PROBLEM REQUIREMENTS –
Below, find the line containing "Convert chart to" and the line containing "<formula> <loc_0><loc_0><loc_500><loc_500>\xi ( \mu"; reproduce exactly those two and every line between them, omitting pictures.

INPUT FOR THIS TASK –
*** Block opens ***

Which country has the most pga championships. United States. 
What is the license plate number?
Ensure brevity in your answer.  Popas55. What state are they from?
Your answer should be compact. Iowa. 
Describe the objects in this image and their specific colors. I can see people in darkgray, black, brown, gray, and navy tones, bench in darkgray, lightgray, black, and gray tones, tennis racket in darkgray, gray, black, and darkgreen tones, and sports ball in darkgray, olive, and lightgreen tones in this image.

*** Block closes ***
*** Block opens ***

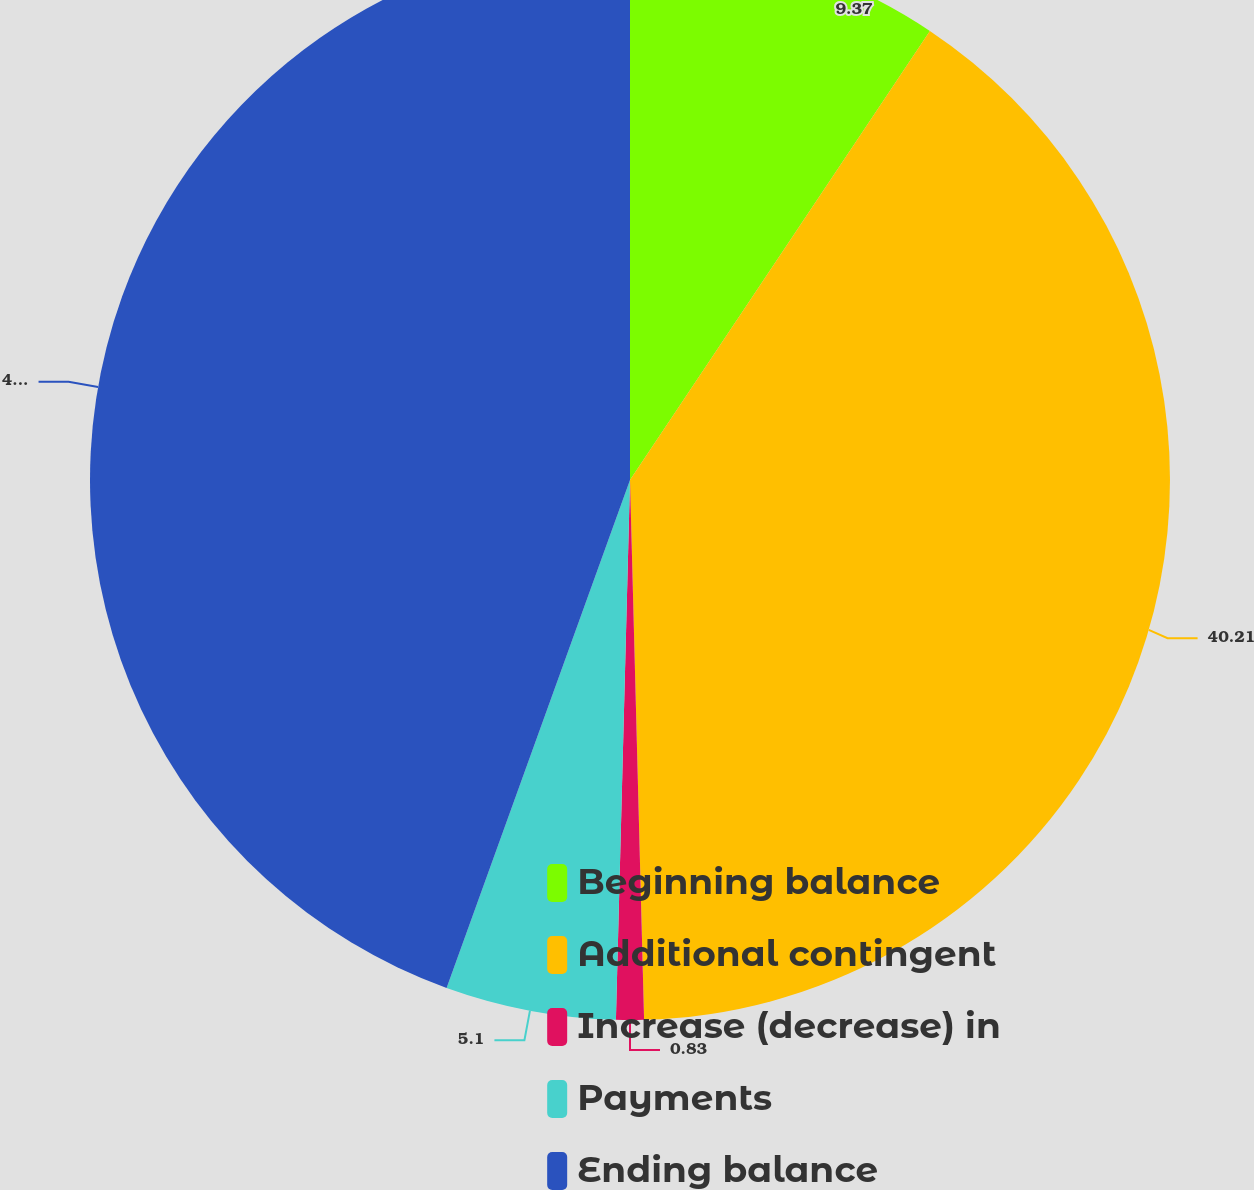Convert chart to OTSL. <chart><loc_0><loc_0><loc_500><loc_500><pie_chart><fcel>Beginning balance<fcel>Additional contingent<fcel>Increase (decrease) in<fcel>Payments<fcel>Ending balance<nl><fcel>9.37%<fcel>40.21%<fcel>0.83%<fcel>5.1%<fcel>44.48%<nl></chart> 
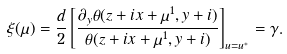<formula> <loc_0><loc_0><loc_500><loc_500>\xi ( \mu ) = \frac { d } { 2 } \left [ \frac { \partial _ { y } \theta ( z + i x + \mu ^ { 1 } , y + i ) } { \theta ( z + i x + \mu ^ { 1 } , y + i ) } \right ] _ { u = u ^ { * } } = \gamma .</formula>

*** Block closes ***

YOUR RESPONSE –
Convert chart to OTSL. <chart><loc_0><loc_0><loc_500><loc_500><pie_chart><fcel>Beginning balance<fcel>Additional contingent<fcel>Increase (decrease) in<fcel>Payments<fcel>Ending balance<nl><fcel>9.37%<fcel>40.21%<fcel>0.83%<fcel>5.1%<fcel>44.48%<nl></chart> 
<formula> <loc_0><loc_0><loc_500><loc_500>\xi ( \mu ) = \frac { d } { 2 } \left [ \frac { \partial _ { y } \theta ( z + i x + \mu ^ { 1 } , y + i ) } { \theta ( z + i x + \mu ^ { 1 } , y + i ) } \right ] _ { u = u ^ { * } } = \gamma .</formula>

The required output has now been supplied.